[Available data]
_ _ _ _

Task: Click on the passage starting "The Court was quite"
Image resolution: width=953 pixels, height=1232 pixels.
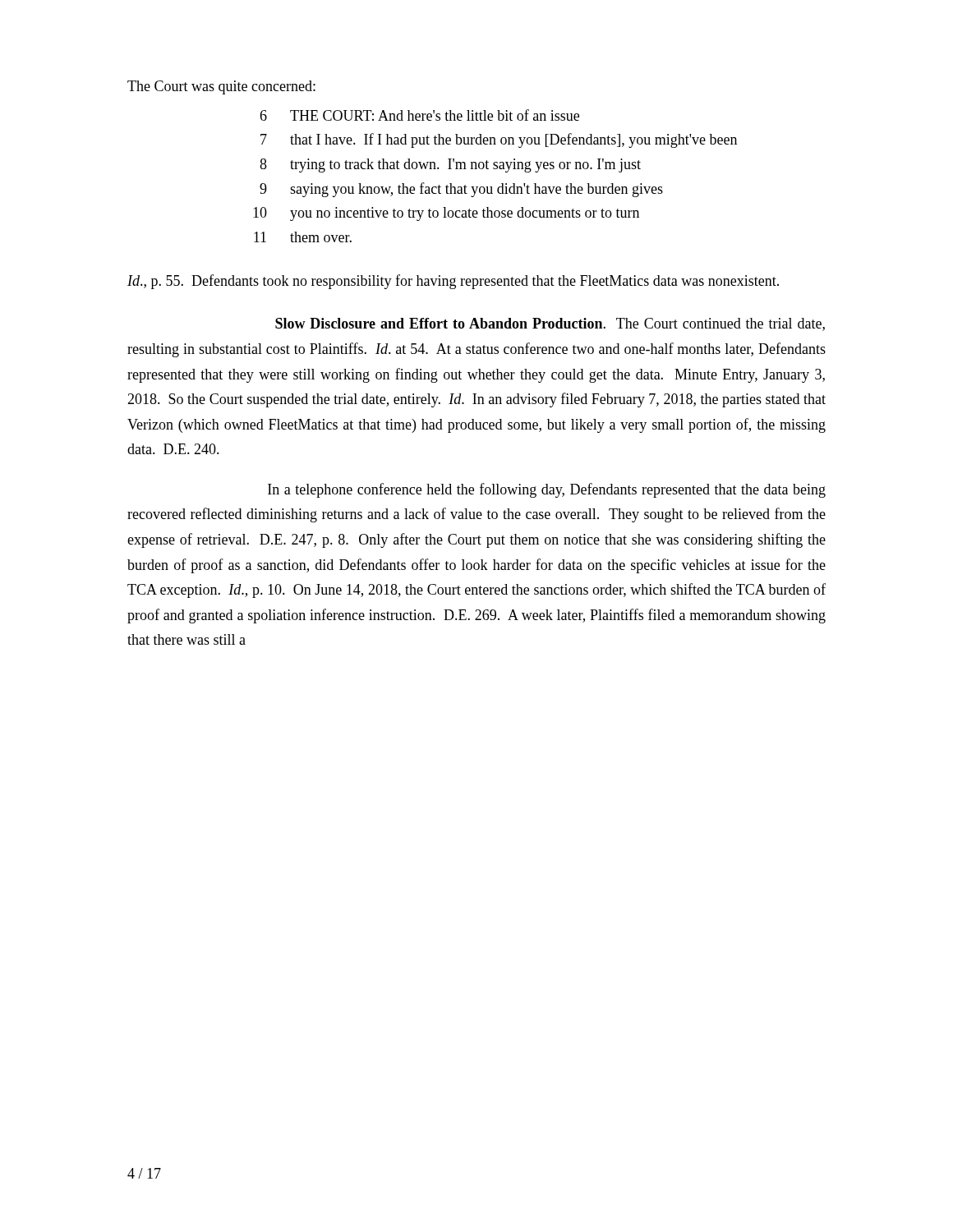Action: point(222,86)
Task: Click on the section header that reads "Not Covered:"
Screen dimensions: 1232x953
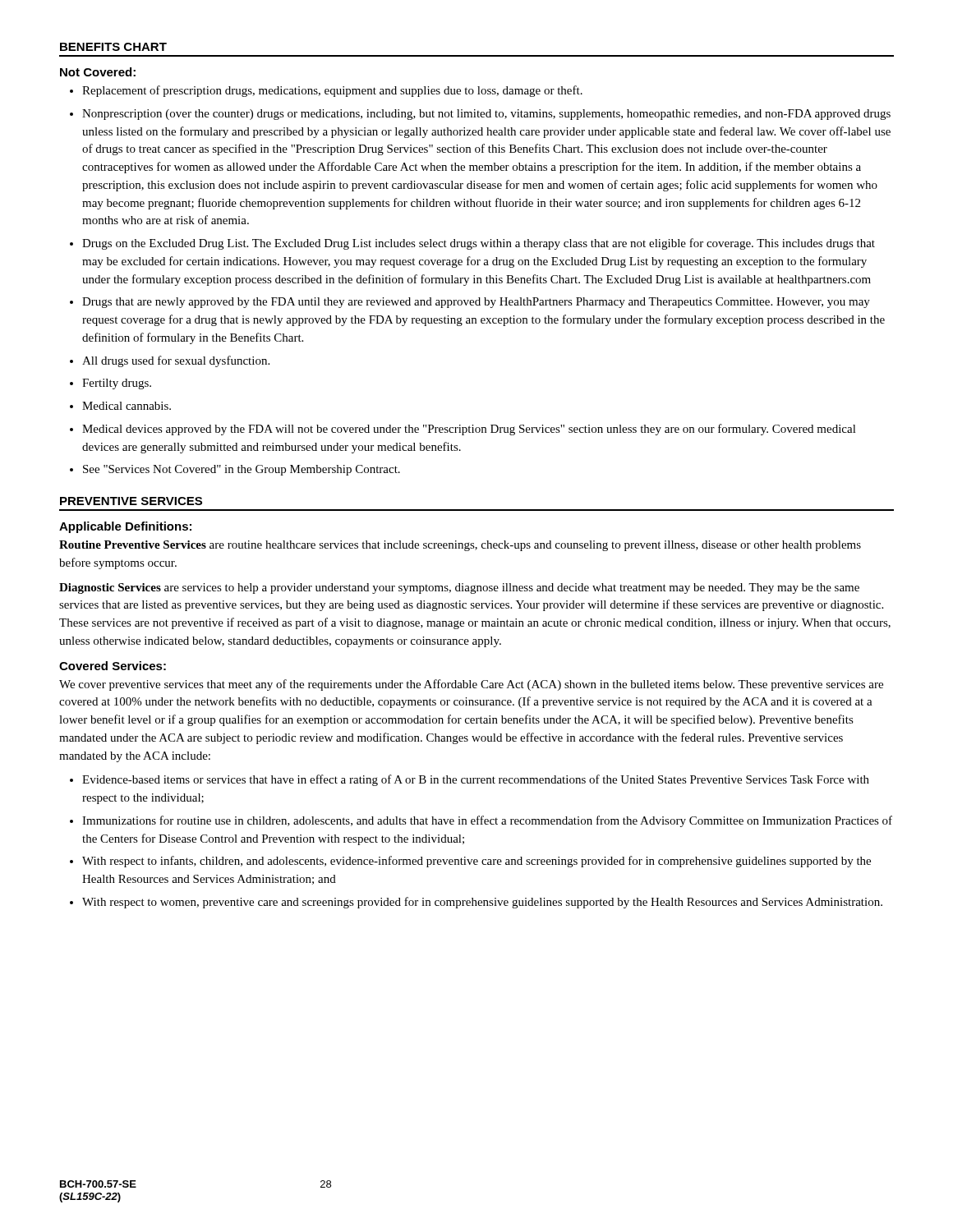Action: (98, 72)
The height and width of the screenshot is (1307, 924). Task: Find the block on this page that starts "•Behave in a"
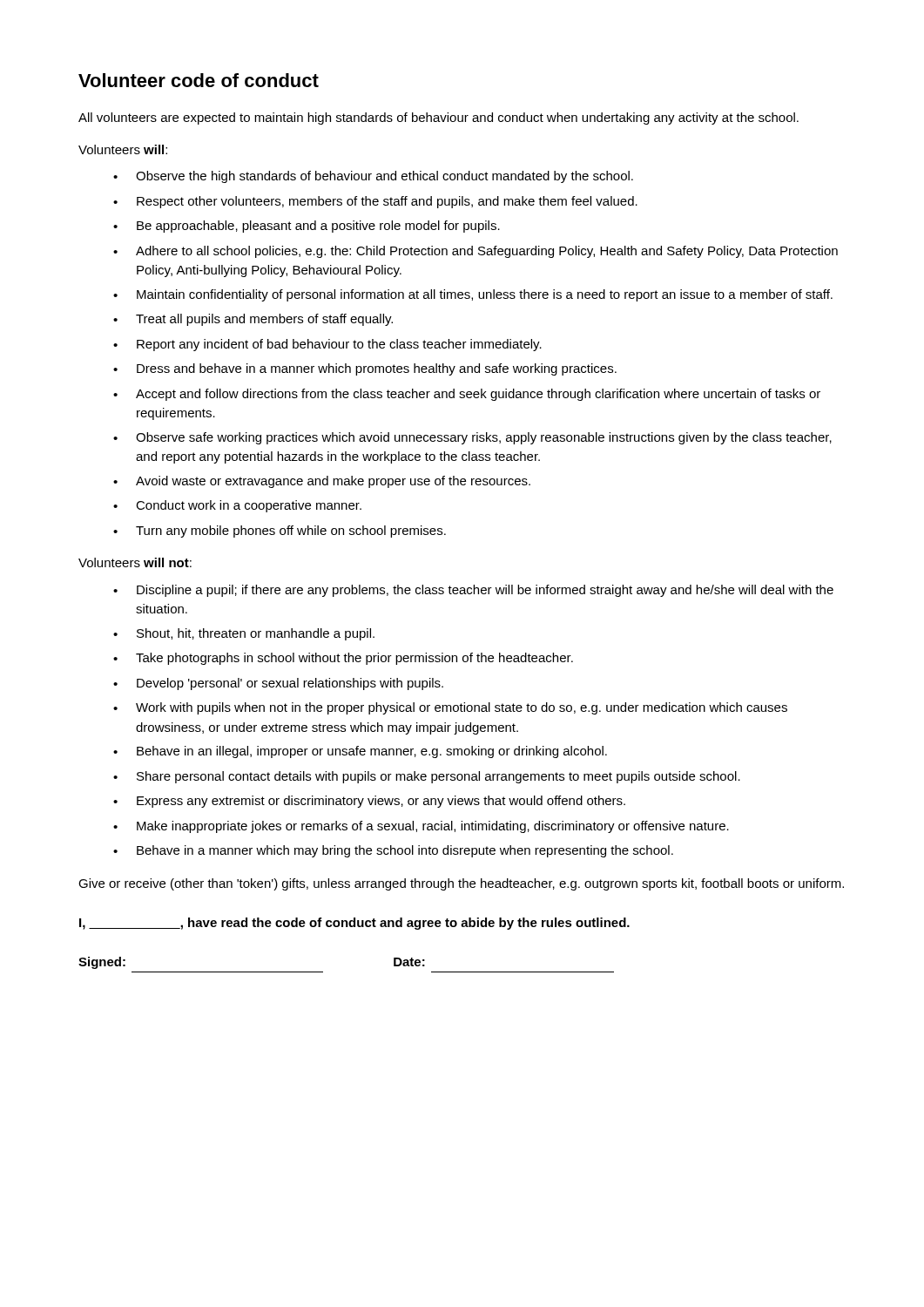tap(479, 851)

_ _ _ _

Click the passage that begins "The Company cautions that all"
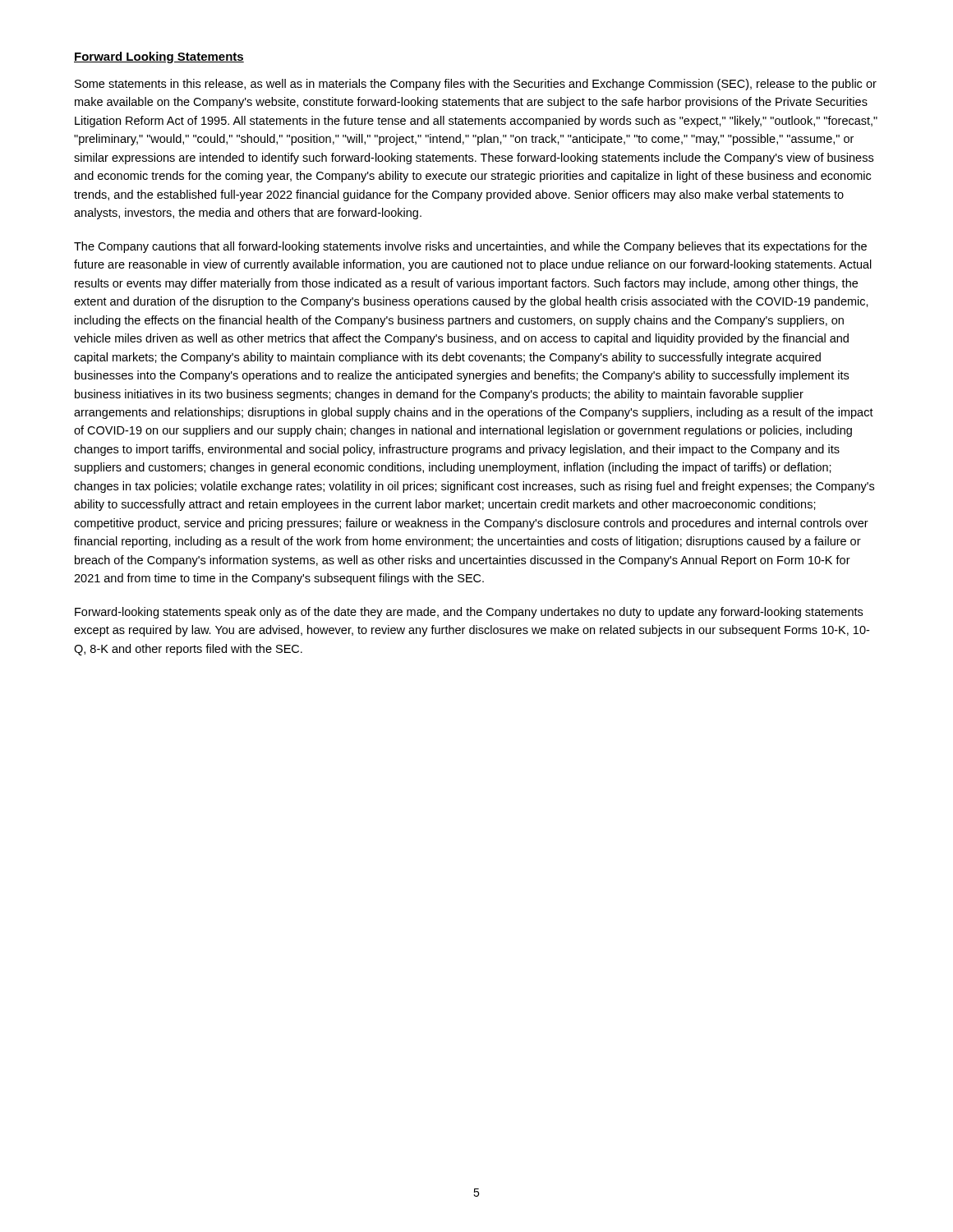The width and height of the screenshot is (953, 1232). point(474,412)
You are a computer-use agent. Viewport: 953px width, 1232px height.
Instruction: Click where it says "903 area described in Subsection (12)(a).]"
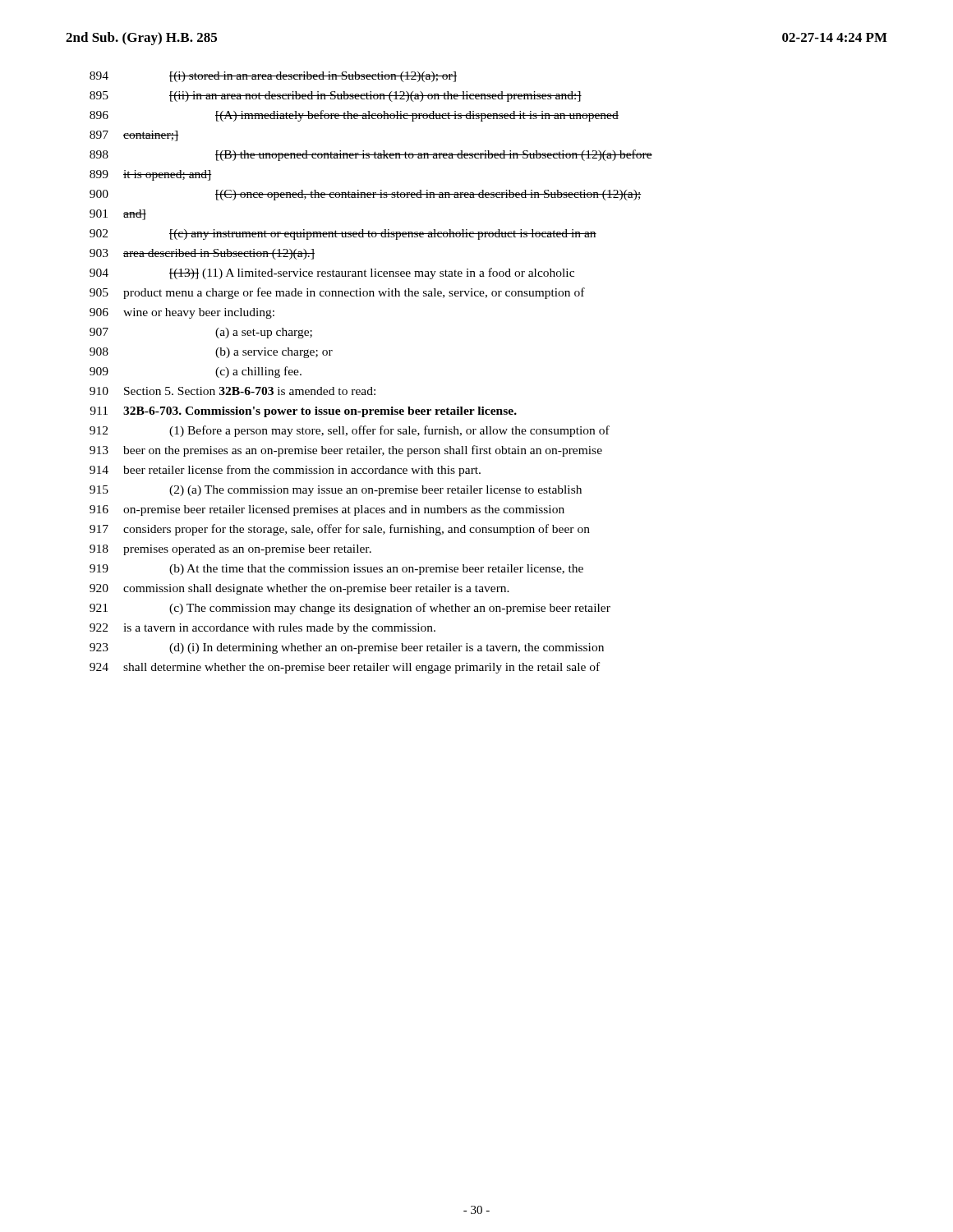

_ _ _ _

[Exercise description] Using the entries shown above, reproduce verbatim the lines from the line bearing "You are a computer-use" to the line bearing "Instruction: Click where", inclusive.

[Written response]
You are a computer-use agent. Viewport: 953px width, 1232px height.
Instruction: Click where it says "903 area described in Subsection (12)(a).]"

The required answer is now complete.